Norsk Ukeblad
- Editor: Maj-Lis Stordal
- Categories: Family magazine
- Frequency: Weekly
- Circulation: 32,000 (2024)
- Publisher: Hjemmet Mortensen AB
- Founded: 1933; 93 years ago
- Company: Egmont Group
- Country: Norway
- Based in: Oslo
- Language: Norwegian
- Website: Norsk Ukeblad

= Norsk Ukeblad =

Weekly family magazine in Oslo, Norway

Norsk Ukeblad (English: “Norwegian Weekly Magazine”) is a Norwegian language weekly family magazine published in Oslo, Norway. It has been in circulation in 1933.

==History and profile==
Norsk Ukeblad was established in 1933. It is owned by the Egmont Group and published weekly by the Hjemmet Mortensen AB. The magazine has its headquarters in Oslo. The editor is Maj-Lis Stordal.

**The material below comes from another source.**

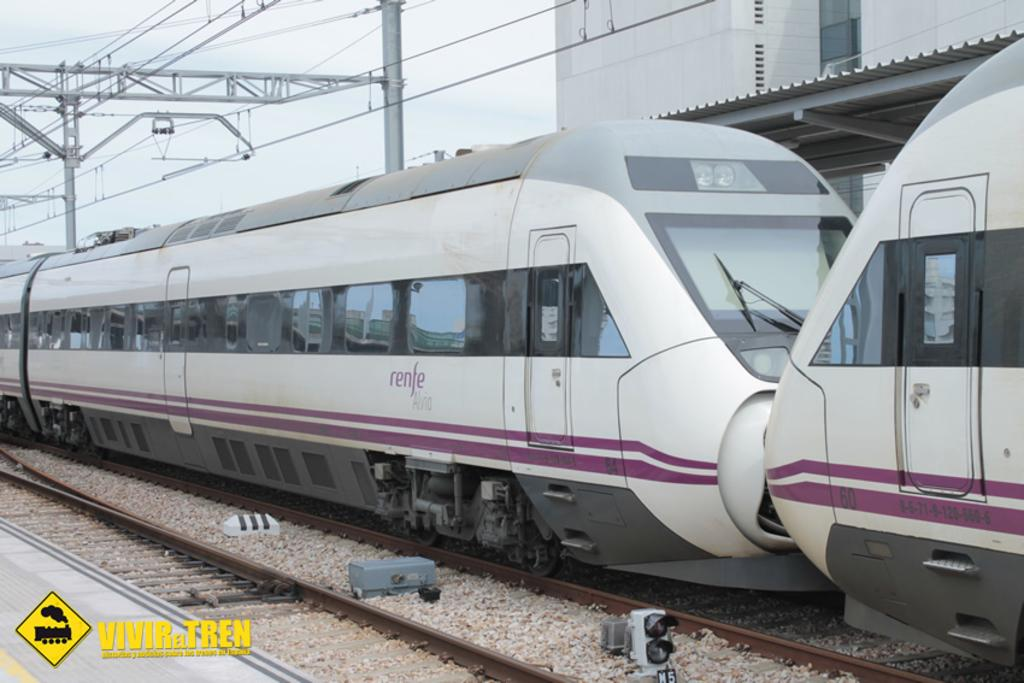<image>
Render a clear and concise summary of the photo. a train with the word vivir next to it

Its target group is women 25 years and older. The magazine contains features as well as articles on food, interior decoration, health, fashion, and beauty.

==Circulation==
The circulation of Norsk Ukeblad was 154,000 copies in 2003, making it the second best-selling general interest magazine in Norway. The magazine had a circulation of 126,400 copies in 2006 and 126,591 copies in 2007. In 2013 Norsk Ukeblad was the fifth best-selling magazine in Norway with a circulation of 77,191 copies. The magazine sold 39,796 copies in 2022.